We left off using __dict__ representations for each of the scikit-learn
classes, converting their data structures (including those from numpy) with
a small script and storing them per pipeline item. This would make a final
application look as follows:
vec = deserialize(DictVectorizer(), json.load(open('vec.json')))
svm = deserialize(LinearSVC(), json.load(open('clf.json')))
user_input = "hey can I get more examples"
grams = vec.transform(extract_grams(user_input, [2]))
print(svm.predict(grams))
# output ---------
[1]
The assumptions are that 1) your pipeline is quite small, so it's not too convoluted to store their items seperately, and 2) it has a static components, e.g. it will always use an SVM, and not do any preprocessing. If you're interested in reproducibility only, this is good enough. For demos, however, flexibility can be important.
Let's say we want to just allow selection of a trained model. The easiest way would be to store the pipeline in a dictionary, for example:
pipeline = {
"clf": GaussianNB(),
"vec": DictVectorizer(),
}
It shouldn't really matter what clf is, as long as it has the same
methods as all other sklearn classes. Subsequently, our application can be
reduced to the following:
pl = deserialize(Pipeline(), json.load(open('pipeline.json')))
user_input = "hey can I get more examples"
grams = pl['vec'].transform(extract_grams(user_input, [2]))
print(pl['clf'].predict(grams))
However, to achieve this, we would need to serialize the classes in a way that
we can deserialize them to their initialized form. Hence, just storing them as
their __dict__ representation is not enough.
How does one store a python object in a form that JSON can handle, and we can deserialize in our application? Remeber that before, we set classes like so:
In [1]:
import serialize_sk as sr
def deserialize(class_init, attr):
for k, v in attr.items():
setattr(class_init, k, sr.json_to_data(v))
return class_init
We already know how to set the attributes (with __dict__), but we need a way
to get a representation from a class object which we can use to initalize it.

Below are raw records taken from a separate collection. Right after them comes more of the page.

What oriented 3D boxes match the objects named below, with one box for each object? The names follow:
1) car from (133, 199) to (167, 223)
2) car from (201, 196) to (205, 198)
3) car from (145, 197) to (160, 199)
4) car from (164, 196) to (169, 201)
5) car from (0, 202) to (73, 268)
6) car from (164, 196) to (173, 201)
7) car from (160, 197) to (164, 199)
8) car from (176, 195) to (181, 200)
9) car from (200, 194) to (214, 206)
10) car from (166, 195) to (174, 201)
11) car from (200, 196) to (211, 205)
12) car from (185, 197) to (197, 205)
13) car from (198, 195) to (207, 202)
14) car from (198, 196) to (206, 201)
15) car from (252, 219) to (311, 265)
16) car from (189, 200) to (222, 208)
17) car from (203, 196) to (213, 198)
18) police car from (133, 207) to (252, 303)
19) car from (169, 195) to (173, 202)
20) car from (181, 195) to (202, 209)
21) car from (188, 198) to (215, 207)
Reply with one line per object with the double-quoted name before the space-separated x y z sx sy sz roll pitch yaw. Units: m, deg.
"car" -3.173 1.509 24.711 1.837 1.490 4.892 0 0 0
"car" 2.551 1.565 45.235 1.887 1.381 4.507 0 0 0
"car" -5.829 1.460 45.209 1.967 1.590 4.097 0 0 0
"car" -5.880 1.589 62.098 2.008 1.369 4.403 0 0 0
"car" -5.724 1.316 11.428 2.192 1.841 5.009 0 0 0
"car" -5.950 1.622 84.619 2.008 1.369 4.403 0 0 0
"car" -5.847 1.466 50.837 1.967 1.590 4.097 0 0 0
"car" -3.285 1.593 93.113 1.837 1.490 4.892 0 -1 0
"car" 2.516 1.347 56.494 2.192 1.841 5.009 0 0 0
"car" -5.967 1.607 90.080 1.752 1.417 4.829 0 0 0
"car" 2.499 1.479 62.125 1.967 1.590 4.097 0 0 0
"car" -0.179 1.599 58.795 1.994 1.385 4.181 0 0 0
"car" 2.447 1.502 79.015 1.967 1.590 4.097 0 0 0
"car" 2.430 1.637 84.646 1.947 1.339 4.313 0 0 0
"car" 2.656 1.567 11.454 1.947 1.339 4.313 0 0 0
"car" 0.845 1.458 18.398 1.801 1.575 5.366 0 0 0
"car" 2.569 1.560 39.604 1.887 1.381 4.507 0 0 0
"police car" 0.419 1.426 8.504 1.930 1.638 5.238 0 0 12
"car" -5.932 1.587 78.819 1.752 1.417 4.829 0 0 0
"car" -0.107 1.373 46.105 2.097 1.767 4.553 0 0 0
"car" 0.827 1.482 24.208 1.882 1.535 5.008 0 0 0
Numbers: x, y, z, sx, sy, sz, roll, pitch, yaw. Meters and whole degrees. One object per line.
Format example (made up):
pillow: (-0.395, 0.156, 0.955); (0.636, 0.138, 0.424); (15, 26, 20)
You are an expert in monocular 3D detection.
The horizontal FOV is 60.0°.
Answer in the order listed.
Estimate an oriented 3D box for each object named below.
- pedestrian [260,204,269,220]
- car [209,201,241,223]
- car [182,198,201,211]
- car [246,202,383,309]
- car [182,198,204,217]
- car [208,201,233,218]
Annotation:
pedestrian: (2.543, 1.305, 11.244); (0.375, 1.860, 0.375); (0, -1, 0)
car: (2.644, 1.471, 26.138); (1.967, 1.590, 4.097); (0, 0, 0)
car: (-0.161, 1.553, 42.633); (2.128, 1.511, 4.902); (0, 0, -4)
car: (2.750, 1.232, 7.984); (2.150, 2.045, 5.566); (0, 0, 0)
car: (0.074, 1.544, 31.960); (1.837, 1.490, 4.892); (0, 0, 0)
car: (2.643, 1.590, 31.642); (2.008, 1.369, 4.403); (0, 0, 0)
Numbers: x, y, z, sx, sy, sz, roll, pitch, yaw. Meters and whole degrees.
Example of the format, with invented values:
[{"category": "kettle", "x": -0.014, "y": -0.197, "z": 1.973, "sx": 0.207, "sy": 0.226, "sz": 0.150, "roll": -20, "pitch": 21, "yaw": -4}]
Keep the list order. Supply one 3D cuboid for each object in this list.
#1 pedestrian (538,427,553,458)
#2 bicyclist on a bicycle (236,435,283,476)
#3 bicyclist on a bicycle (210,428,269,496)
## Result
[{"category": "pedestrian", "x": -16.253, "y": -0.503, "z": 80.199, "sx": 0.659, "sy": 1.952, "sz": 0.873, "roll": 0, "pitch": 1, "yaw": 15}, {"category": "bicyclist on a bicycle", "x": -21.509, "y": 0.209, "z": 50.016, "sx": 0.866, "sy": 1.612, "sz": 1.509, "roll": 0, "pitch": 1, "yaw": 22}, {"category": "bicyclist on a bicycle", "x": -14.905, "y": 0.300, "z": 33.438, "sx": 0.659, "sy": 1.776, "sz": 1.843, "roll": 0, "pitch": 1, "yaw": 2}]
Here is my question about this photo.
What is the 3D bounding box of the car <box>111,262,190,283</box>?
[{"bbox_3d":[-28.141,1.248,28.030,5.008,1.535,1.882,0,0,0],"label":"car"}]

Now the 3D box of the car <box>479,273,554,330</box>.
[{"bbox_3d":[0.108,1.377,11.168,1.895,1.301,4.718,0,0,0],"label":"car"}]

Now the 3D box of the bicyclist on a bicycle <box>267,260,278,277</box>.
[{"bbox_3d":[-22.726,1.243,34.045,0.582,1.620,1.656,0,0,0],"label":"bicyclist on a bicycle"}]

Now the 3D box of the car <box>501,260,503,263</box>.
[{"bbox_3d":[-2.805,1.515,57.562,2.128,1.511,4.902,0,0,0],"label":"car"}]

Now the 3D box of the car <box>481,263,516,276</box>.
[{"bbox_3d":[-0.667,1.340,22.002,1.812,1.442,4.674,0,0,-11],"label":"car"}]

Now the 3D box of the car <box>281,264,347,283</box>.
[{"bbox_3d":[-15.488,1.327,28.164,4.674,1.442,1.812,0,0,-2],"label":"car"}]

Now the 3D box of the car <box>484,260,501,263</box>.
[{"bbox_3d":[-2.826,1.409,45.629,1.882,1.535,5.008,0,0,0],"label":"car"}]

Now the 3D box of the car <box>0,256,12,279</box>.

Python allows you to get a string name with __class__, like so:
In [2]:
from sklearn.feature_extraction import DictVectorizer
vec = DictVectorizer()
print(str(vec.__class__))
print(vec.__class__.__name__)
print(vec.__module__)
As we can see from the output, the first returns a class object, and the second its name. However, we would need the full path in order to import it, which leaves us with the third solution. From there, we could easily import and initialize it by string, like so:
In [3]:
import sys
class_ = getattr(sys.modules[vec.__module__], vec.__class__.__name__)
new_vec = class_()
new_vec
Out[3]:
After, we can use setattr again like in the deserialize function above to
return our settings. Just need to store them both in a format along with the
__dict__ to pass to the deserializer. Something like:
In [4]:
import json
def serialize_class(cls_):
return sr.data_to_json({'mod': cls_.__module__, 'name': cls_.__class__.__name__,
'attr': cls_.__dict__})
def deserialize_class(cls_repr):
cls_repr = sr.json_to_data(cls_repr)
cls_ = getattr(sys.modules[cls_repr['mod']], cls_repr['name'])
cls_init = cls_()
for k, v in cls_repr['attr'].items():
setattr(cls_init, k, v)
return cls_init
cls_str = serialize_class(vec)
json.dump(cls_str, open('./vec_class.json', 'w'))
cls_js = json.load(open('./vec_class.json'))
deserialize_class(cls_js)
Out[4]:
Great! Now the classes can be used in a pipeline dictionary. As the script I provided in the previous post is recursive, these methods can be built in without much effort. However, while reading into these object serialization techniques I found an even better alternative (given that you don't mind dependencies).
So far I managed to manually convert most numpy cases in scikit-learn's
modules. And the modules themselves to be stored in dictionaries for
flexibility. However, I decided to sweep all of this off the table for
jsonpickle. This package covers a
lot more edge-cases with a way more extensive implementation. Quick
demonstration:
In [5]:
import jsonpickle
vec_repr = jsonpickle.encode(vec)
vec_repr
Out[5]:
And with a quick decode we're back to our old python storage format!
That's it for now, if I encounter any more challenges there will be another follow-up. As before, I've written this up in a Jupyter notebook.